He slid to the ground, went to his knees. He made a small involuntary sound. It must have hurt. He took my hand, and I let him, because pulling away seemed petty. "What must I do to be in your bed, Anita? Tell me, and I will do it."



I looked into his face, saw the pain there, and it wasn't the pain of bruises and cuts. I looked at Jean-Claude. "It's the ardeur, isn't it?"



"I fear so," he said.



I turned back to the vampire kneeling in front of me. I had no idea what to say.



"Am I ugly to you?" he asked.



"No," and I traced the line of his uninjured cheek. "You are very handsome, and you know it."

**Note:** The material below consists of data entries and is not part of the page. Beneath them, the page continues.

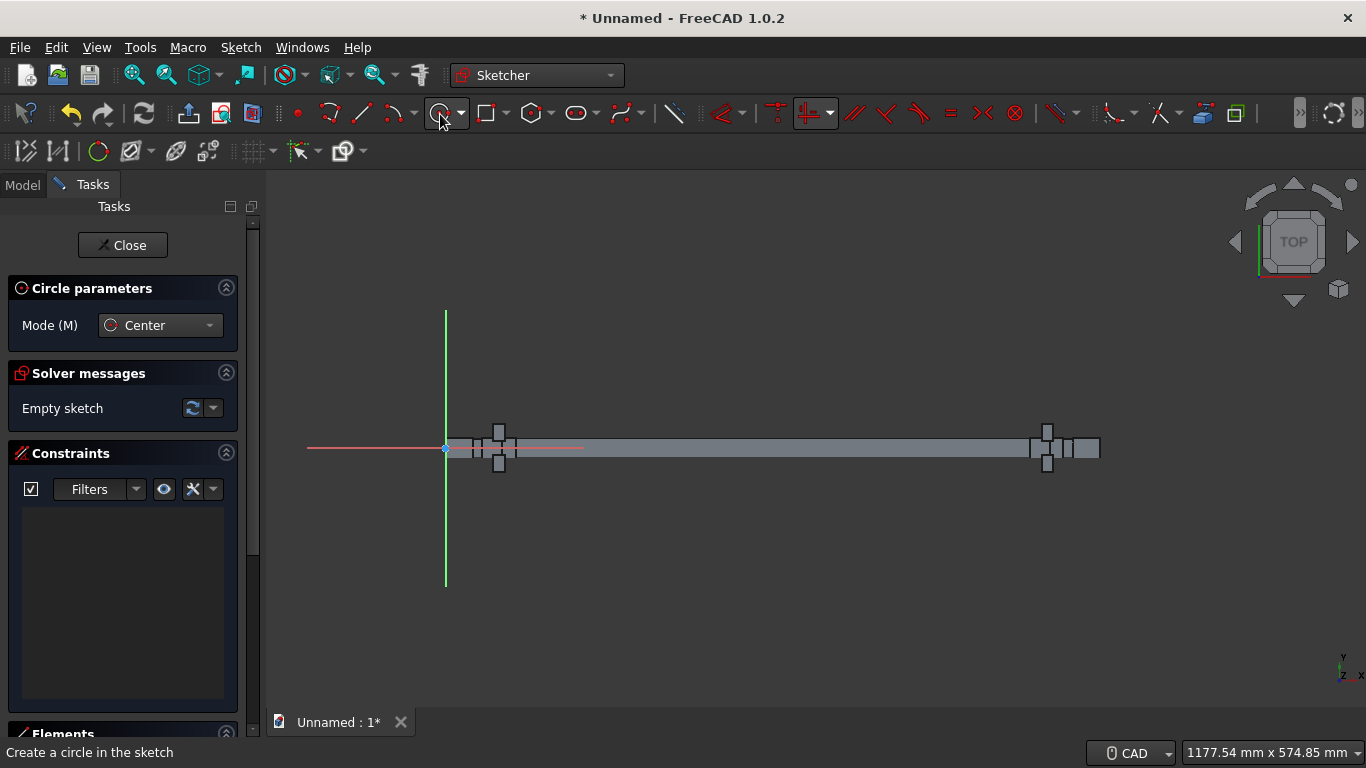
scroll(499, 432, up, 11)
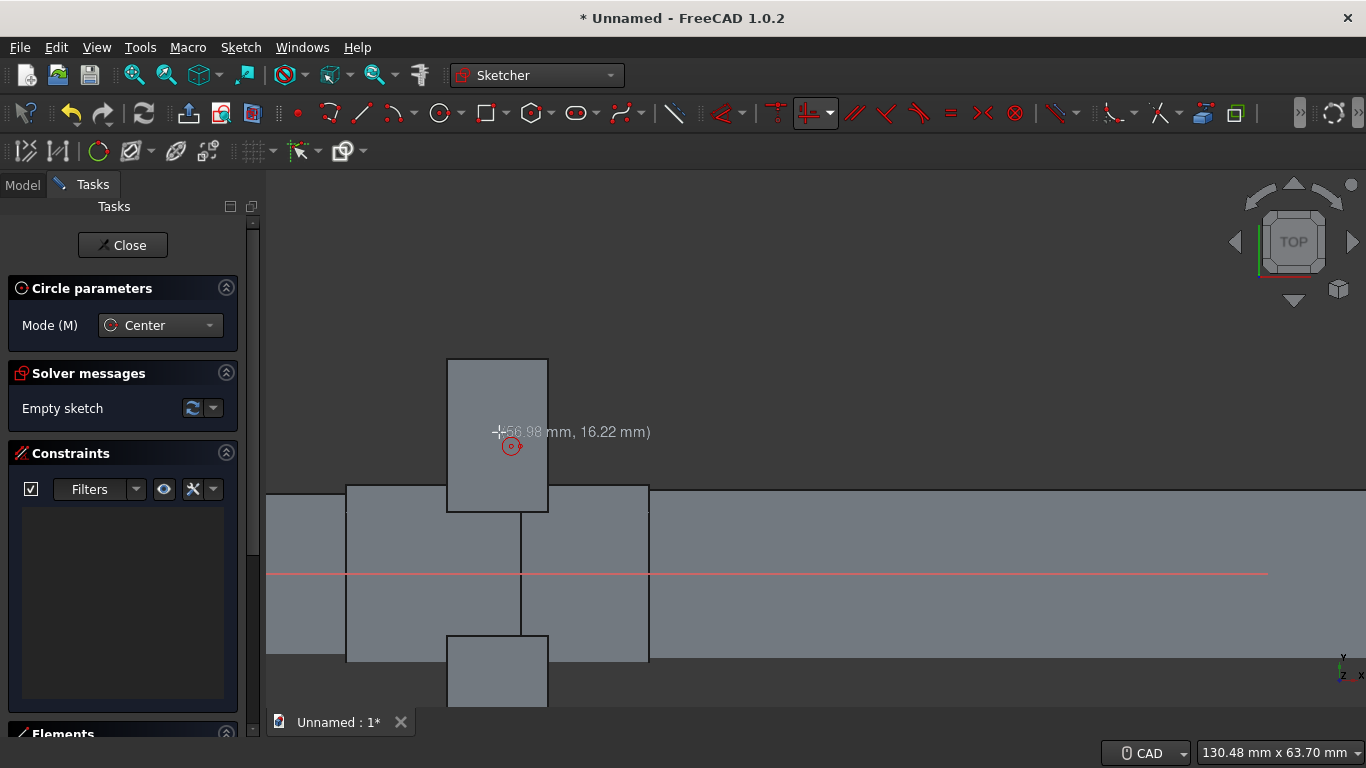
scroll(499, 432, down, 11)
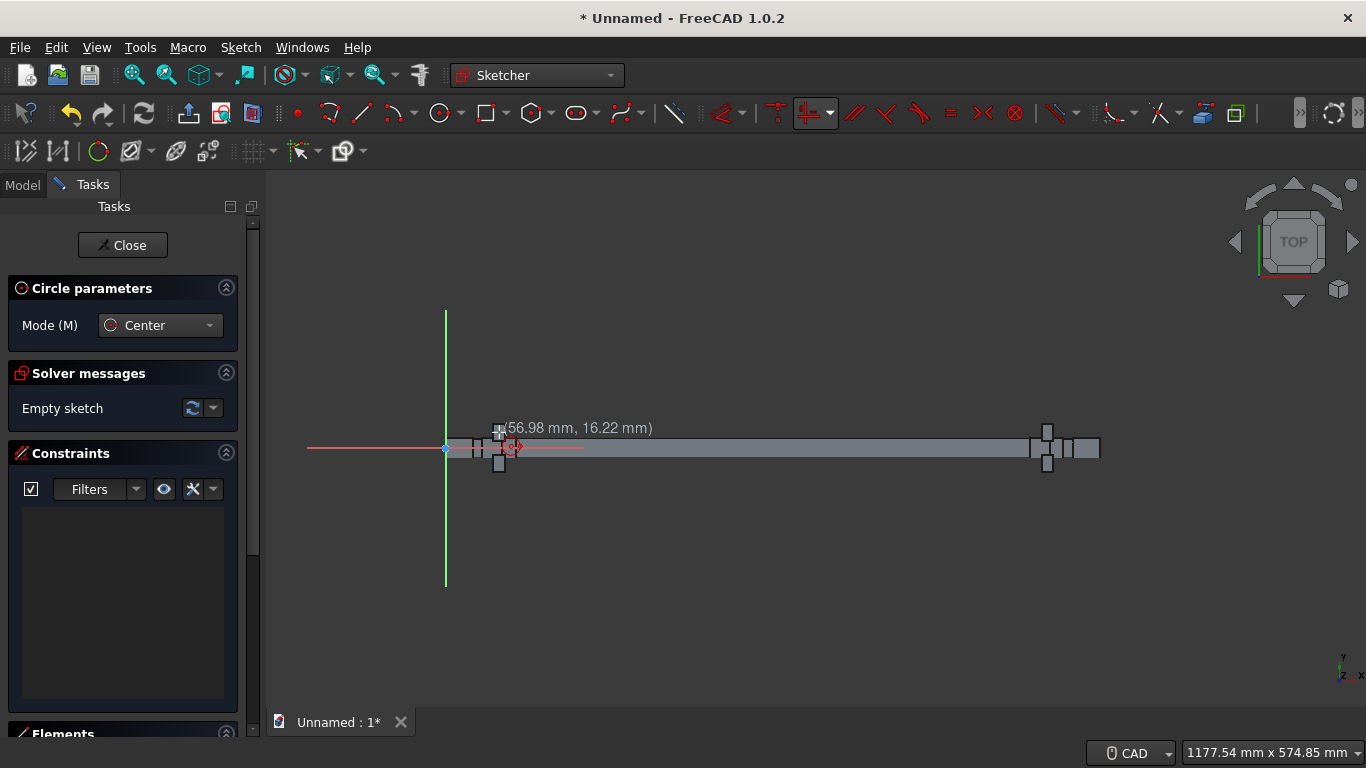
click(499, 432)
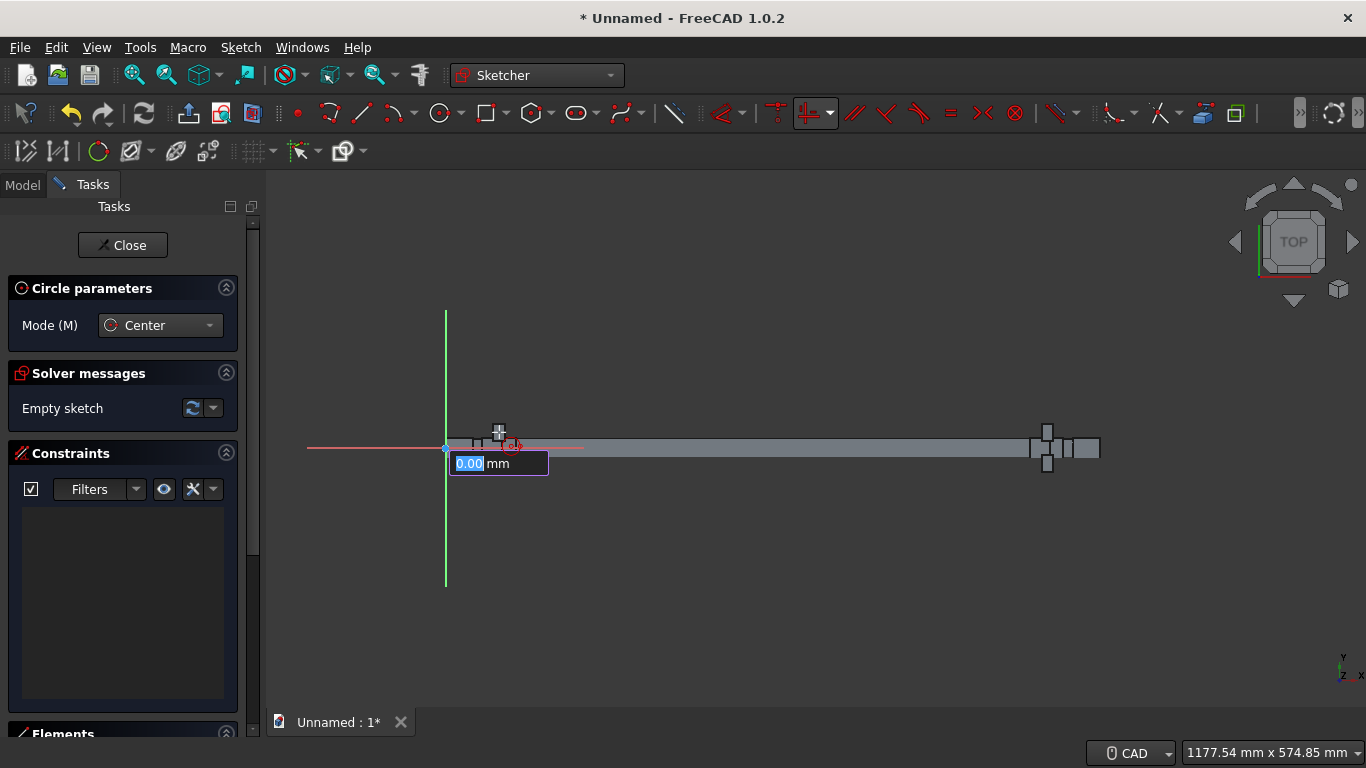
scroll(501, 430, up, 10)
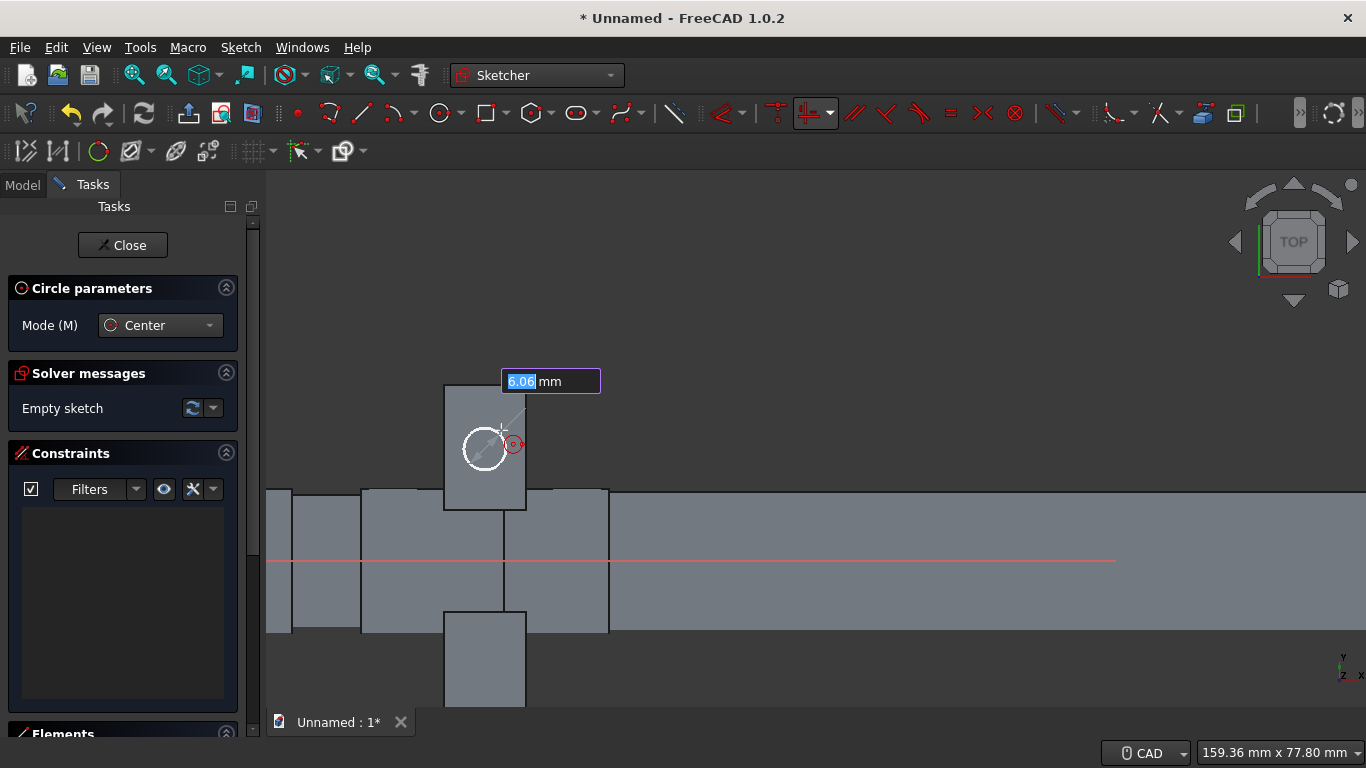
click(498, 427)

He shook his head, stopped in midmotion, again as if it hurt. "If I were handsome enough, you would have taken me to your bed and not turned to these strangers." He lowered his head, both hands gripping mine. He finally raised his face, and he was crying. "Please, Anita, please, do not cast me aside so easily. I know that you did not enjoy the attentions I gave you as much as I enjoyed the touch of your body. But I will be better, I swear it, if only you will give me another chance to show you pleasure. I was trying to be too careful of you. I did not understand. I can do better, be better." He buried his face against my legs, and wept.



"I believe we have our answer, ma petite."



I stroked Requiem's hair, and didn't know what he was talking about. I was too stunned to think. "Answer to what?" I asked.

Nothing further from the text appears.